(Records from a collection)

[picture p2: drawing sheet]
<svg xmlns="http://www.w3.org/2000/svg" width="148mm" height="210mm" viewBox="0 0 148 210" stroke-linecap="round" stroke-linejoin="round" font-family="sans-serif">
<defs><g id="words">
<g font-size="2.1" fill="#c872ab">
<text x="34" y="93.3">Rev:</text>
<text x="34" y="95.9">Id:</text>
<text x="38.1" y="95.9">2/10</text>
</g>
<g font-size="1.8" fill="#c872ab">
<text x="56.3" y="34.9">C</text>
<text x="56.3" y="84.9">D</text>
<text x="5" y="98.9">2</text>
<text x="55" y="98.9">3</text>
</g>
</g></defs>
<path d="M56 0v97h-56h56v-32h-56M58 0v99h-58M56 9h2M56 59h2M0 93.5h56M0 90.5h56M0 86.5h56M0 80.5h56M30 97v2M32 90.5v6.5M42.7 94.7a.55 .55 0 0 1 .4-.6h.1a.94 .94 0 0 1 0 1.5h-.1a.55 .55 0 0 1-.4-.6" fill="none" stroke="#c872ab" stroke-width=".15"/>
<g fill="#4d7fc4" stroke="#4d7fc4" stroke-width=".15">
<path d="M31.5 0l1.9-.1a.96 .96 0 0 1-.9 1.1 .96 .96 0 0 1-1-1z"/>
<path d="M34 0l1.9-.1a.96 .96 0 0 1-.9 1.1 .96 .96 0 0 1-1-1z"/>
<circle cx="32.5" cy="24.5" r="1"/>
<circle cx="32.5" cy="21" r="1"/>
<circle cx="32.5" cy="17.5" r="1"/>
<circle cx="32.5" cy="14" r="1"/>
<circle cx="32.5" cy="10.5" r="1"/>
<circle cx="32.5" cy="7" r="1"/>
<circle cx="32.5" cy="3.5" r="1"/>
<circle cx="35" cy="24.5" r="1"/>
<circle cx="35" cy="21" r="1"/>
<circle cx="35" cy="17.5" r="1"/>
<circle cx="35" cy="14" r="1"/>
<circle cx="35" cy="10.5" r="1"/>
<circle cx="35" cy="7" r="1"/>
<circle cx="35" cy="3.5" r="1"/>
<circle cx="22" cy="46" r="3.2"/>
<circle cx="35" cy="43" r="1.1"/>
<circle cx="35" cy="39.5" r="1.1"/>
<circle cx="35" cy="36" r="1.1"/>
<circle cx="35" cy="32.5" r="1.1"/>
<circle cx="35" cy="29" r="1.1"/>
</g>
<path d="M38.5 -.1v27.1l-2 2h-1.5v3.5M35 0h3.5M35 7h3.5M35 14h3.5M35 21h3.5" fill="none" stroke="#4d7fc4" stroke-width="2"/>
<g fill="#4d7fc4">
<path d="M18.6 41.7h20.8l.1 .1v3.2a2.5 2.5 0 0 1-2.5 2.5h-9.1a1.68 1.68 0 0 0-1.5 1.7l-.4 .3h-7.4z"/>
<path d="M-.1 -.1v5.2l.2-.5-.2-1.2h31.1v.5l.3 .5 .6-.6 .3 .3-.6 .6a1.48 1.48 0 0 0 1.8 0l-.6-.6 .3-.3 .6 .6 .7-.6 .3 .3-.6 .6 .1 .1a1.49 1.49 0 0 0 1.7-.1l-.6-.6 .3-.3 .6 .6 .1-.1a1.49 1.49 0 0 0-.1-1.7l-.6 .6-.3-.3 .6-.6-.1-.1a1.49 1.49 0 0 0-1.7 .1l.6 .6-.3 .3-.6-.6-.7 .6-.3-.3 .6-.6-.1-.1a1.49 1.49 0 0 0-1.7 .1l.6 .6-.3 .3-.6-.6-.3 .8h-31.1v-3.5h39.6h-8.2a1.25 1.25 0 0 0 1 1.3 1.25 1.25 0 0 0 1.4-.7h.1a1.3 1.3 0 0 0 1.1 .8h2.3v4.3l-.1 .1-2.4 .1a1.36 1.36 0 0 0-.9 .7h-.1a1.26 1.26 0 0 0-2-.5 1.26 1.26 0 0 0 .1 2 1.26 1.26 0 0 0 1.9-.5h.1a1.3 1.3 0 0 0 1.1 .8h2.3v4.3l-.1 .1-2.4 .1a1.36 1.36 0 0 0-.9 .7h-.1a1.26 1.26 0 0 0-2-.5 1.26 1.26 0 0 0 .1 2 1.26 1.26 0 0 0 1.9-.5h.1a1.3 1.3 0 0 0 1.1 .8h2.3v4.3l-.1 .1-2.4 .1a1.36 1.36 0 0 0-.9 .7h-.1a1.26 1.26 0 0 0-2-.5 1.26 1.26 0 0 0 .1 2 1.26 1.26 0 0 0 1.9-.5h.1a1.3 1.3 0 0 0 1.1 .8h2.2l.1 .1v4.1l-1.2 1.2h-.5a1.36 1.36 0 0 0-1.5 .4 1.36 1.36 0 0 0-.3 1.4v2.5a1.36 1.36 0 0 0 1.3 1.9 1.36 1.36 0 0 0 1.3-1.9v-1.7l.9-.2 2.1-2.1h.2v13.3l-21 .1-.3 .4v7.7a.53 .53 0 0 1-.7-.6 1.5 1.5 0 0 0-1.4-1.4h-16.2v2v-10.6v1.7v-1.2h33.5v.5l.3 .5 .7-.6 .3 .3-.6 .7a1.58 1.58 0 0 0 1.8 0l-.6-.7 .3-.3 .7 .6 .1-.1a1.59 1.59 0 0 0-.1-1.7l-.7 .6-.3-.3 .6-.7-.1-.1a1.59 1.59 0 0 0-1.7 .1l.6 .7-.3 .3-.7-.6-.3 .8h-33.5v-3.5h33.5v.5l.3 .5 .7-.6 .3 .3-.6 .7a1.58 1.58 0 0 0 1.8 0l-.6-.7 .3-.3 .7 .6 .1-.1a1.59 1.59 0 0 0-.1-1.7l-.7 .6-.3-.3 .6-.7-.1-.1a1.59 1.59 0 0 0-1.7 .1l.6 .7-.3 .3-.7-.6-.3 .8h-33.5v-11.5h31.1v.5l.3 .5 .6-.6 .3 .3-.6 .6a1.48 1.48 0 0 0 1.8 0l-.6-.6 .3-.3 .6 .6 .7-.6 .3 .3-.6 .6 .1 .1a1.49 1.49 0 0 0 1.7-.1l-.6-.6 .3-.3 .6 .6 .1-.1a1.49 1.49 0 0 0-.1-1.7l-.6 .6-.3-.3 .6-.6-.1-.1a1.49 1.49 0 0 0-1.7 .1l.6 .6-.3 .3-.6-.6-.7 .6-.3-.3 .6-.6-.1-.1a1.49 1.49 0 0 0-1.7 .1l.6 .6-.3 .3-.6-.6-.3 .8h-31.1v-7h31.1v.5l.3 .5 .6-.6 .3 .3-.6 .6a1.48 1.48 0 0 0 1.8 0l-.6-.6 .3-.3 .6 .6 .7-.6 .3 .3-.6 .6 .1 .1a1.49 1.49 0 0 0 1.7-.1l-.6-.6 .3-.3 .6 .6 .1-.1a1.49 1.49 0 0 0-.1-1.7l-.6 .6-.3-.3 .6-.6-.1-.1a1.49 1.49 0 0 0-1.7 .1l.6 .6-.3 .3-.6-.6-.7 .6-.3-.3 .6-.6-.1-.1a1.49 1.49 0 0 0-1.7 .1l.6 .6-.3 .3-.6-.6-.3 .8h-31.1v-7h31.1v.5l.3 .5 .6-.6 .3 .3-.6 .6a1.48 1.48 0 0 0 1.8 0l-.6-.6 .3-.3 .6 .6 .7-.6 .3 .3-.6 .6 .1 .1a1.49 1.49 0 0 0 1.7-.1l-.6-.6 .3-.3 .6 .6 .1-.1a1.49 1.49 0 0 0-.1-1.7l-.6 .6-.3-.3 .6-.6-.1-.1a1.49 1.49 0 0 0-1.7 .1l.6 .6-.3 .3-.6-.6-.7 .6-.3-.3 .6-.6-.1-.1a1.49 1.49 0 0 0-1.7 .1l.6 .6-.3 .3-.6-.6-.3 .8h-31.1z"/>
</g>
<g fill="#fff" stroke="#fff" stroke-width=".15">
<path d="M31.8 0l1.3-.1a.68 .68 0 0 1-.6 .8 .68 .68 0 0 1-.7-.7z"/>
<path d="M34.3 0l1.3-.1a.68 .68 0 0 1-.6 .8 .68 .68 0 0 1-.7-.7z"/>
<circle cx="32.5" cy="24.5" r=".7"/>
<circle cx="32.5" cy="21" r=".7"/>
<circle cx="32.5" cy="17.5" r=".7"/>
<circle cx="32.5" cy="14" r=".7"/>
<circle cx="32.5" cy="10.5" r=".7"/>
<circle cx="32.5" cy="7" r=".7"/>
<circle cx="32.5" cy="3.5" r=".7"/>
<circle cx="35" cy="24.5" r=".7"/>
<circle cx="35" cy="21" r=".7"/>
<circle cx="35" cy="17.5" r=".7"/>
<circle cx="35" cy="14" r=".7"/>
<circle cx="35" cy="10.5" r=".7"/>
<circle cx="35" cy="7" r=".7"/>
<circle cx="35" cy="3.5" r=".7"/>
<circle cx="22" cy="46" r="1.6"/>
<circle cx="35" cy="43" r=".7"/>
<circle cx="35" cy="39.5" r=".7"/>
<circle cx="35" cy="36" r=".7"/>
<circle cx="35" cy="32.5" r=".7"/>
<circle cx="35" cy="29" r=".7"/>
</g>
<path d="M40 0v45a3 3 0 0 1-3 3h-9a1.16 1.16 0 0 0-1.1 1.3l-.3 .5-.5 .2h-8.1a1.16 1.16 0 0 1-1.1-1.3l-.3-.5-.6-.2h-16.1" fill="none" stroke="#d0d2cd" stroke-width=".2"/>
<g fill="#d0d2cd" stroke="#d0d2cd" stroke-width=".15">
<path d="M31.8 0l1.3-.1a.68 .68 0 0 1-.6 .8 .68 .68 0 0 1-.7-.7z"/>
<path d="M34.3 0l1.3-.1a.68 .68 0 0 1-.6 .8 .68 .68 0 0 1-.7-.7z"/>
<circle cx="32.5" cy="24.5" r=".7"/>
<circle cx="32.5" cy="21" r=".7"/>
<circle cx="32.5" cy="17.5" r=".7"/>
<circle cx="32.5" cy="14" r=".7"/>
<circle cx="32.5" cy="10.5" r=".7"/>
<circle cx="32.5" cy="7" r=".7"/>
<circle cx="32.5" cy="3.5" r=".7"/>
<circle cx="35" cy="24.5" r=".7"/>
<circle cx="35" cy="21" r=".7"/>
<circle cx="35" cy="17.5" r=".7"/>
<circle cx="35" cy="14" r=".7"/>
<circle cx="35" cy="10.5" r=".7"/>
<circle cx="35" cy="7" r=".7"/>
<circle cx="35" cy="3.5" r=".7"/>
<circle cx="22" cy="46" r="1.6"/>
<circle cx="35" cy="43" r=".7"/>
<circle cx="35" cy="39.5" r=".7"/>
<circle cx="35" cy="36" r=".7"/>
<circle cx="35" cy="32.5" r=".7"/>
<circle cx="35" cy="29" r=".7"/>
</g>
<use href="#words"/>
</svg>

## [EXERCISE BRIEF]
Scan the entries for the string "fill" and report only how many lines contain it.

## [TASK SOLUTION]
9